- Your instructions:
Take down each entry exactly as written.

===== Information supplied =====

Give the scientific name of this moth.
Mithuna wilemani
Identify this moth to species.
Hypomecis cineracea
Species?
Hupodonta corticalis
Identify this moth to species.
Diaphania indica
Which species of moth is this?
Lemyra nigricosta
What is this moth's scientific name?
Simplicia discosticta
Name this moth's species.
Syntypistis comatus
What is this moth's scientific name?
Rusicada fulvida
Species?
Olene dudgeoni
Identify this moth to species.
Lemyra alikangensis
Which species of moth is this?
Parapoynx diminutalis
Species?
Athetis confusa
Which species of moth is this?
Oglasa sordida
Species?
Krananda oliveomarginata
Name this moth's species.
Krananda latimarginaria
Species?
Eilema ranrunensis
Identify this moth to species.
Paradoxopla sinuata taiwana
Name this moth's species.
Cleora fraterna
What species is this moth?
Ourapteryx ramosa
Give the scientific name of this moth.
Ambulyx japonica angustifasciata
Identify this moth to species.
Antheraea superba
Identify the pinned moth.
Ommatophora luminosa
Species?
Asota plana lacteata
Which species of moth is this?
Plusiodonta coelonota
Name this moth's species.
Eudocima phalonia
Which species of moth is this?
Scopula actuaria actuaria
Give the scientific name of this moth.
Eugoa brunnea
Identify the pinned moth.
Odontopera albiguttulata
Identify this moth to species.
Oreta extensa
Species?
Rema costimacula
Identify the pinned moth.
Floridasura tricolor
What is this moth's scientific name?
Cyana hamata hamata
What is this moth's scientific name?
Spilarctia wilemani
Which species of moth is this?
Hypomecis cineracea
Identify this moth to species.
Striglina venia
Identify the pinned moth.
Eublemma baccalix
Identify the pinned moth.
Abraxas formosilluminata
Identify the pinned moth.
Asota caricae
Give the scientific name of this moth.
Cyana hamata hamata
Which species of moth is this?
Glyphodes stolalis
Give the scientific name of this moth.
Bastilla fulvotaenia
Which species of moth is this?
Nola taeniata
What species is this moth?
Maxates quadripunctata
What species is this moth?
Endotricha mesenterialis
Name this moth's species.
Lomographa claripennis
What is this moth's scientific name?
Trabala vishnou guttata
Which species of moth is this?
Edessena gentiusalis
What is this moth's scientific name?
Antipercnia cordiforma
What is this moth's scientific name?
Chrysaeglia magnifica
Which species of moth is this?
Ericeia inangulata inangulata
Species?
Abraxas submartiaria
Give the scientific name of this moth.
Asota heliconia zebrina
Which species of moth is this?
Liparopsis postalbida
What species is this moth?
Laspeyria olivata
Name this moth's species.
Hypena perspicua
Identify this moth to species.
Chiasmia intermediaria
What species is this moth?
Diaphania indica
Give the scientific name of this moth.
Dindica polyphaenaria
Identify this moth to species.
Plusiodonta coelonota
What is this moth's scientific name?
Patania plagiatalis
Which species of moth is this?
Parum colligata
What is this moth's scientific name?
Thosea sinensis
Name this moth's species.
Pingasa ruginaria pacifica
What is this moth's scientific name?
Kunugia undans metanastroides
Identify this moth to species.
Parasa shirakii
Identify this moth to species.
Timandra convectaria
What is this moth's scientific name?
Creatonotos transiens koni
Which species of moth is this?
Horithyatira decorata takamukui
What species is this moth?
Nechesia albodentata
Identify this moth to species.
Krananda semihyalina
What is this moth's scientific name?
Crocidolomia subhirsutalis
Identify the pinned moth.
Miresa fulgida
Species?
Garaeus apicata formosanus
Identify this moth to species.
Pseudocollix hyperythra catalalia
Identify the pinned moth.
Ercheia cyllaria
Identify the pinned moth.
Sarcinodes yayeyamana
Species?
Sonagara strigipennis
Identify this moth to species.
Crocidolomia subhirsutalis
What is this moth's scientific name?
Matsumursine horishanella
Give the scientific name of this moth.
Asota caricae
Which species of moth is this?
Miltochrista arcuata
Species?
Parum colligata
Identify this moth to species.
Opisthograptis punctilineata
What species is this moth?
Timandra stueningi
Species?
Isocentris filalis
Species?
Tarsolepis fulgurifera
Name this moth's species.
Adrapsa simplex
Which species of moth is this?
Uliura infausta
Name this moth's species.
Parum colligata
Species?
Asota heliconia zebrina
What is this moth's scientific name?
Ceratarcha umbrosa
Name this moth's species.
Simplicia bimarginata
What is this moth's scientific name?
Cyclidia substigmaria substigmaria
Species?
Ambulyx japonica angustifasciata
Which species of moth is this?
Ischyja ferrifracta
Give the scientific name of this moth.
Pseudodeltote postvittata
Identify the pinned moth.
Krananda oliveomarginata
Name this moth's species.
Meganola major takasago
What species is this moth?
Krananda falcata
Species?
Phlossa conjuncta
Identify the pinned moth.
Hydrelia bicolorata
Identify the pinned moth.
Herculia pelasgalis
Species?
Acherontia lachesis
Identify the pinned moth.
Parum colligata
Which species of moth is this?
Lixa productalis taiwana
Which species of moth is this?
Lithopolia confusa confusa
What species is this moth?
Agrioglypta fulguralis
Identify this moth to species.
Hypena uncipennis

=====

- Result below:
Give the scientific name of this moth.
Mithuna wilemani
Identify this moth to species.
Hypomecis cineracea
Species?
Hupodonta corticalis
Identify this moth to species.
Diaphania indica
Which species of moth is this?
Lemyra nigricosta
What is this moth's scientific name?
Simplicia discosticta
Name this moth's species.
Syntypistis comatus
What is this moth's scientific name?
Rusicada fulvida
Species?
Olene dudgeoni
Identify this moth to species.
Lemyra alikangensis
Which species of moth is this?
Parapoynx diminutalis
Species?
Athetis confusa
Which species of moth is this?
Oglasa sordida
Species?
Krananda oliveomarginata
Name this moth's species.
Krananda latimarginaria
Species?
Eilema ranrunensis
Identify this moth to species.
Paradoxopla sinuata taiwana
Name this moth's species.
Cleora fraterna
What species is this moth?
Ourapteryx ramosa
Give the scientific name of this moth.
Ambulyx japonica angustifasciata
Identify this moth to species.
Antheraea superba
Identify the pinned moth.
Ommatophora luminosa
Species?
Asota plana lacteata
Which species of moth is this?
Plusiodonta coelonota
Name this moth's species.
Eudocima phalonia
Which species of moth is this?
Scopula actuaria actuaria
Give the scientific name of this moth.
Eugoa brunnea
Identify the pinned moth.
Odontopera albiguttulata
Identify this moth to species.
Oreta extensa
Species?
Rema costimacula
Identify the pinned moth.
Floridasura tricolor
What is this moth's scientific name?
Cyana hamata hamata
What is this moth's scientific name?
Spilarctia wilemani
Which species of moth is this?
Hypomecis cineracea
Identify this moth to species.
Striglina venia
Identify the pinned moth.
Eublemma baccalix
Identify the pinned moth.
Abraxas formosilluminata
Identify the pinned moth.
Asota caricae
Give the scientific name of this moth.
Cyana hamata hamata
Which species of moth is this?
Glyphodes stolalis
Give the scientific name of this moth.
Bastilla fulvotaenia
Which species of moth is this?
Nola taeniata
What species is this moth?
Maxates quadripunctata
What species is this moth?
Endotricha mesenterialis
Name this moth's species.
Lomographa claripennis
What is this moth's scientific name?
Trabala vishnou guttata
Which species of moth is this?
Edessena gentiusalis
What is this moth's scientific name?
Antipercnia cordiforma
What is this moth's scientific name?
Chrysaeglia magnifica
Which species of moth is this?
Ericeia inangulata inangulata
Species?
Abraxas submartiaria
Give the scientific name of this moth.
Asota heliconia zebrina
Which species of moth is this?
Liparopsis postalbida
What species is this moth?
Laspeyria olivata
Name this moth's species.
Hypena perspicua
Identify this moth to species.
Chiasmia intermediaria
What species is this moth?
Diaphania indica
Give the scientific name of this moth.
Dindica polyphaenaria
Identify this moth to species.
Plusiodonta coelonota
What is this moth's scientific name?
Patania plagiatalis
Which species of moth is this?
Parum colligata
What is this moth's scientific name?
Thosea sinensis
Name this moth's species.
Pingasa ruginaria pacifica
What is this moth's scientific name?
Kunugia undans metanastroides
Identify this moth to species.
Parasa shirakii
Identify this moth to species.
Timandra convectaria
What is this moth's scientific name?
Creatonotos transiens koni
Which species of moth is this?
Horithyatira decorata takamukui
What species is this moth?
Nechesia albodentata
Identify this moth to species.
Krananda semihyalina
What is this moth's scientific name?
Crocidolomia subhirsutalis
Identify the pinned moth.
Miresa fulgida
Species?
Garaeus apicata formosanus
Identify this moth to species.
Pseudocollix hyperythra catalalia
Identify the pinned moth.
Ercheia cyllaria
Identify the pinned moth.
Sarcinodes yayeyamana
Species?
Sonagara strigipennis
Identify this moth to species.
Crocidolomia subhirsutalis
What is this moth's scientific name?
Matsumursine horishanella
Give the scientific name of this moth.
Asota caricae
Which species of moth is this?
Miltochrista arcuata
Species?
Parum colligata
Identify this moth to species.
Opisthograptis punctilineata
What species is this moth?
Timandra stueningi
Species?
Isocentris filalis
Species?
Tarsolepis fulgurifera
Name this moth's species.
Adrapsa simplex
Which species of moth is this?
Uliura infausta
Name this moth's species.
Parum colligata
Species?
Asota heliconia zebrina
What is this moth's scientific name?
Ceratarcha umbrosa
Name this moth's species.
Simplicia bimarginata
What is this moth's scientific name?
Cyclidia substigmaria substigmaria
Species?
Ambulyx japonica angustifasciata
Which species of moth is this?
Ischyja ferrifracta
Give the scientific name of this moth.
Pseudodeltote postvittata
Identify the pinned moth.
Krananda oliveomarginata
Name this moth's species.
Meganola major takasago
What species is this moth?
Krananda falcata
Species?
Phlossa conjuncta
Identify the pinned moth.
Hydrelia bicolorata
Identify the pinned moth.
Herculia pelasgalis
Species?
Acherontia lachesis
Identify the pinned moth.
Parum colligata
Which species of moth is this?
Lixa productalis taiwana
Which species of moth is this?
Lithopolia confusa confusa
What species is this moth?
Agrioglypta fulguralis
Identify this moth to species.
Hypena uncipennis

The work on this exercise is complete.